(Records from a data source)

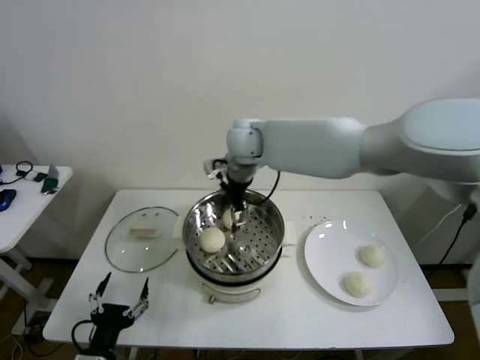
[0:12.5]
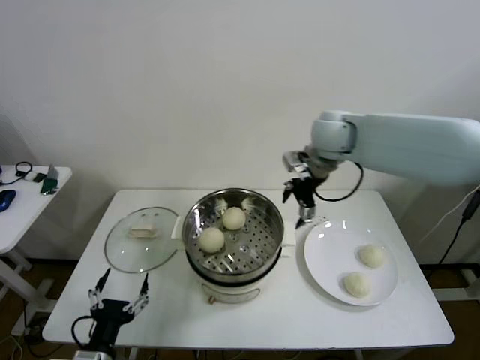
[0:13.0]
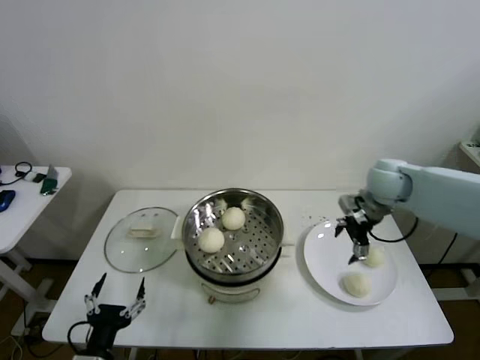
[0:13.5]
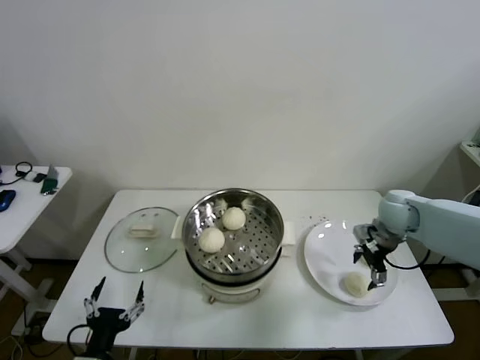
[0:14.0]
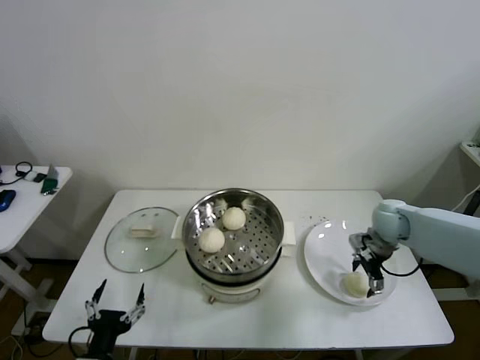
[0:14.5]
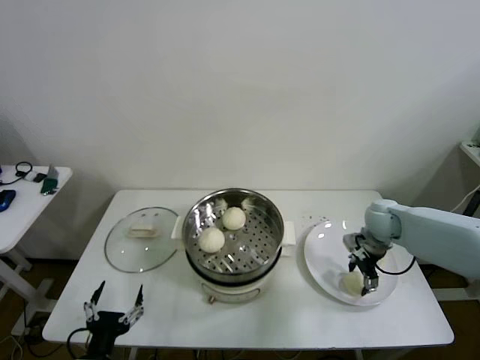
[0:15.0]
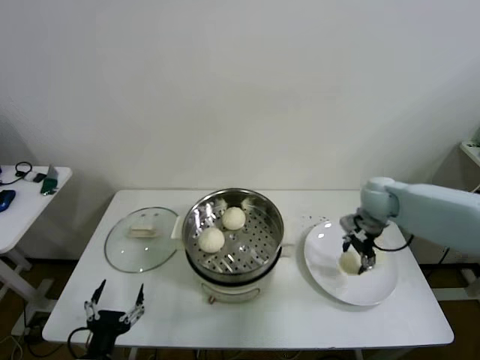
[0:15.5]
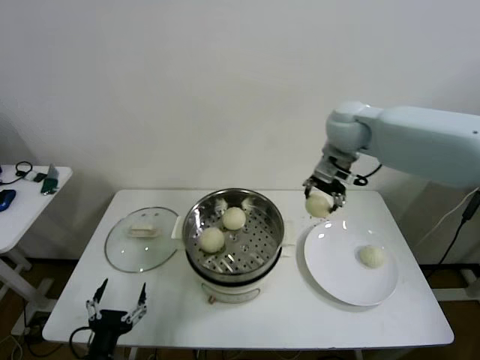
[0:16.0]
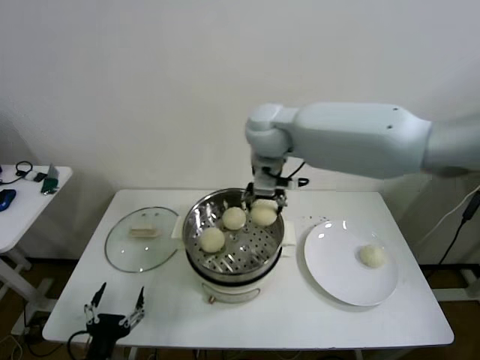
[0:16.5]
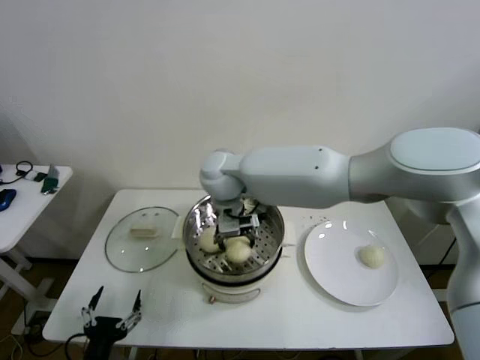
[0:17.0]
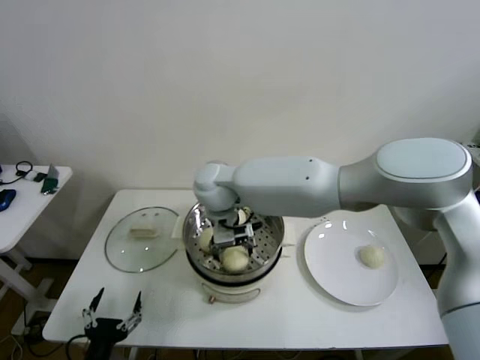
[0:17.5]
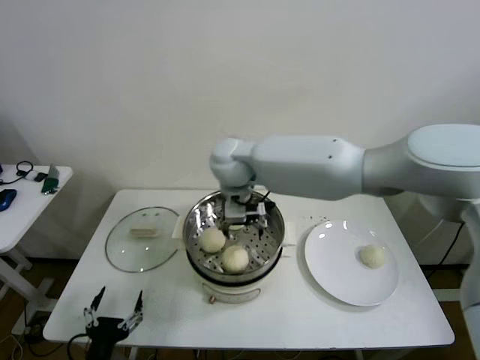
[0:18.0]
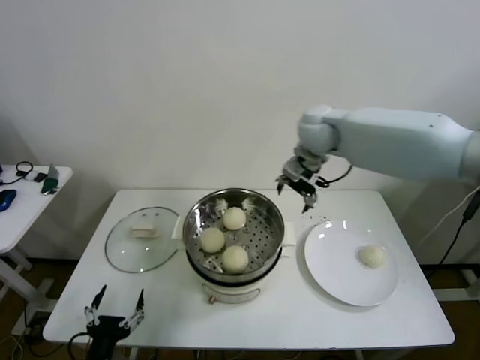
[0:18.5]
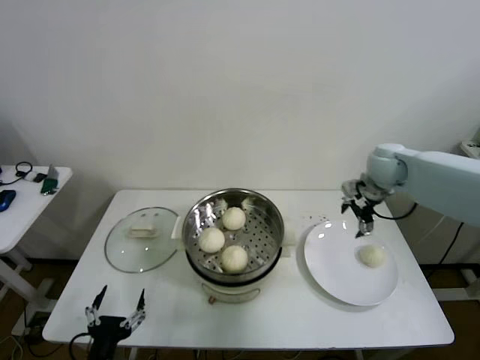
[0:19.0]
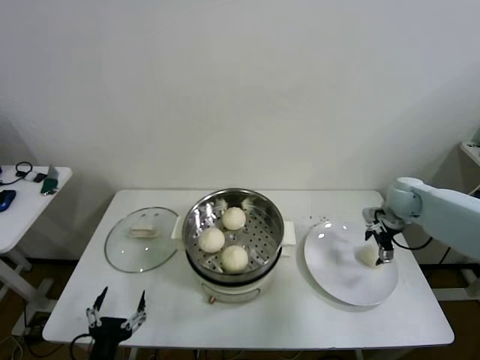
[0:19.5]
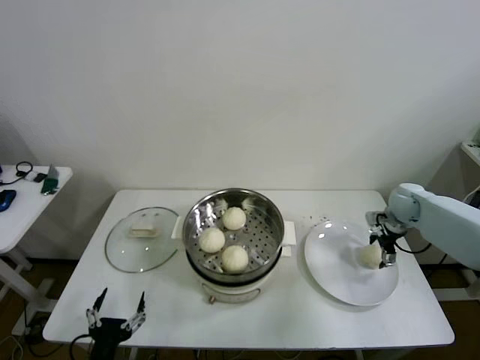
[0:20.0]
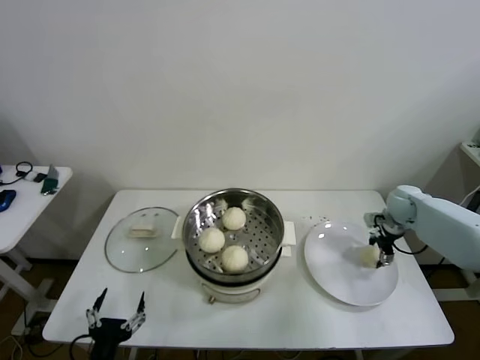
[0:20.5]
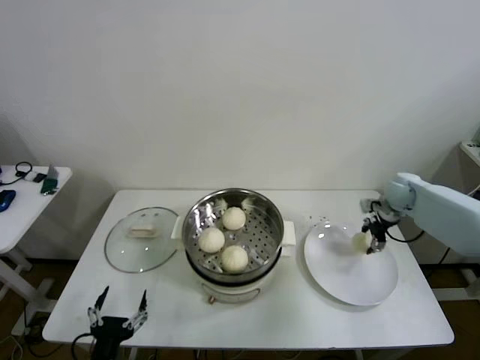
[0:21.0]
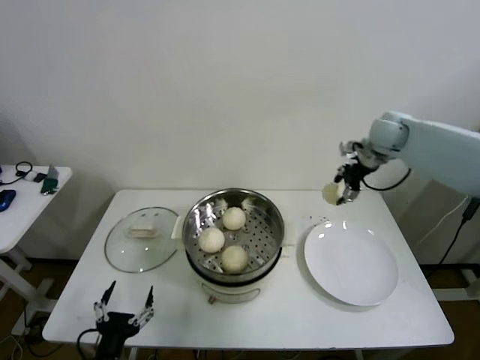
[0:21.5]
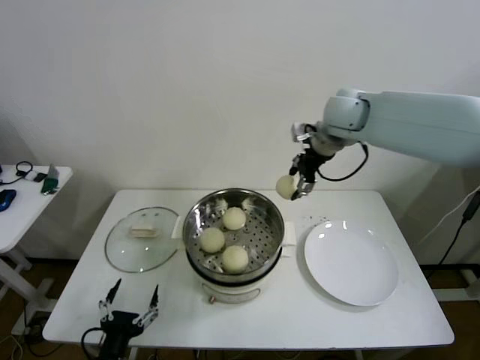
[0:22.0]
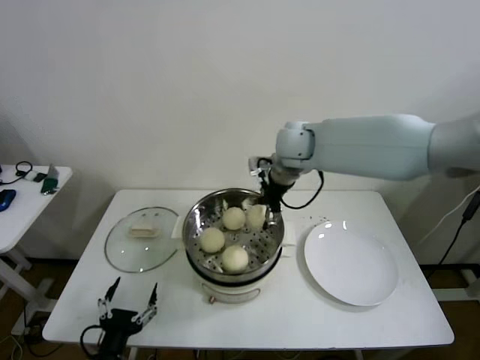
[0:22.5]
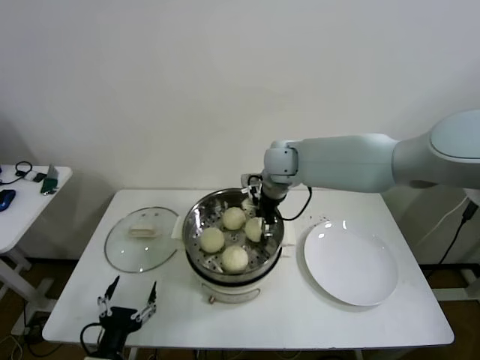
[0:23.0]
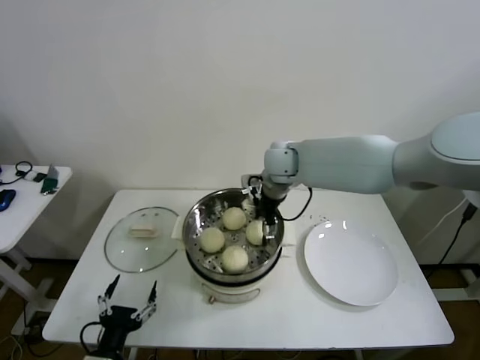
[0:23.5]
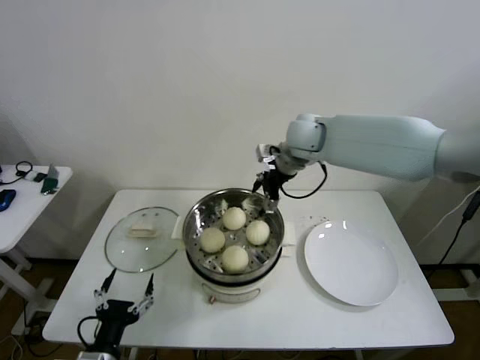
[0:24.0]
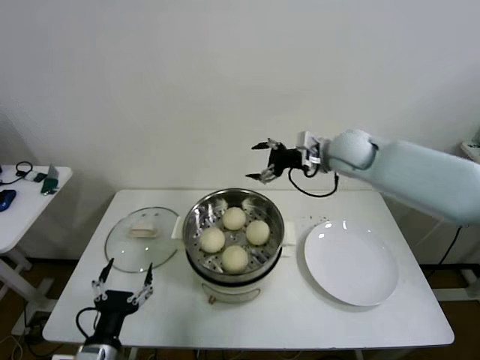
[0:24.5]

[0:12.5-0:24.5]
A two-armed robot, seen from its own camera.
Step, 0:12.5 to 0:15.0: Grasp the baozi in the plate with right gripper.
Step, 0:15.5 to 0:17.5: Place the baozi on the steamer with right gripper.
Step, 0:18.0 to 0:20.5: Grasp the baozi in the plate with right gripper.
Step, 0:21.0 to 0:23.0: Place the baozi on the steamer with right gripper.
0:12.5 to 0:14.5: The right gripper travels to the right and downward by roughly 40 cm.
0:14.5 to 0:16.5: The right gripper is displaced to the left and upward by roughly 40 cm, and closes.
0:16.5 to 0:18.5: The right gripper heads to the right, covering about 15 cm, and opens up.
0:18.5 to 0:20.5: The right gripper travels to the right and downward by about 35 cm, and closes.
0:20.5 to 0:22.5: The right gripper moves to the left and upward, approximately 40 cm.
0:22.5 to 0:24.5: The right gripper is displaced to the right by about 10 cm, and opens its fingers.

WHAT YOU HAVE TO DO: Please reproduce the entries from above exactly; images are not part of the copy.

RESULT OF THE EXERCISE:
[0:12.5]
[0:13.0]
[0:13.5]
[0:14.0]
[0:14.5]
[0:15.0]
[0:15.5]
[0:16.0]
[0:16.5]
[0:17.0]
[0:17.5]
[0:18.0]
[0:18.5]
[0:19.0]
[0:19.5]
[0:20.0]
[0:20.5]
[0:21.0]
[0:21.5]
[0:22.0]
[0:22.5]
[0:23.0]
[0:23.5]
[0:24.0]
[0:24.5]

[0:12.5-0:24.5]
A two-armed robot, seen from its own camera.
Step, 0:12.5 to 0:15.0: Grasp the baozi in the plate with right gripper.
Step, 0:15.5 to 0:17.5: Place the baozi on the steamer with right gripper.
Step, 0:18.0 to 0:20.5: Grasp the baozi in the plate with right gripper.
Step, 0:21.0 to 0:23.0: Place the baozi on the steamer with right gripper.
0:12.5 to 0:14.5: The right gripper travels to the right and downward by roughly 40 cm.
0:14.5 to 0:16.5: The right gripper is displaced to the left and upward by roughly 40 cm, and closes.
0:16.5 to 0:18.5: The right gripper heads to the right, covering about 15 cm, and opens up.
0:18.5 to 0:20.5: The right gripper travels to the right and downward by about 35 cm, and closes.
0:20.5 to 0:22.5: The right gripper moves to the left and upward, approximately 40 cm.
0:22.5 to 0:24.5: The right gripper is displaced to the right by about 10 cm, and opens its fingers.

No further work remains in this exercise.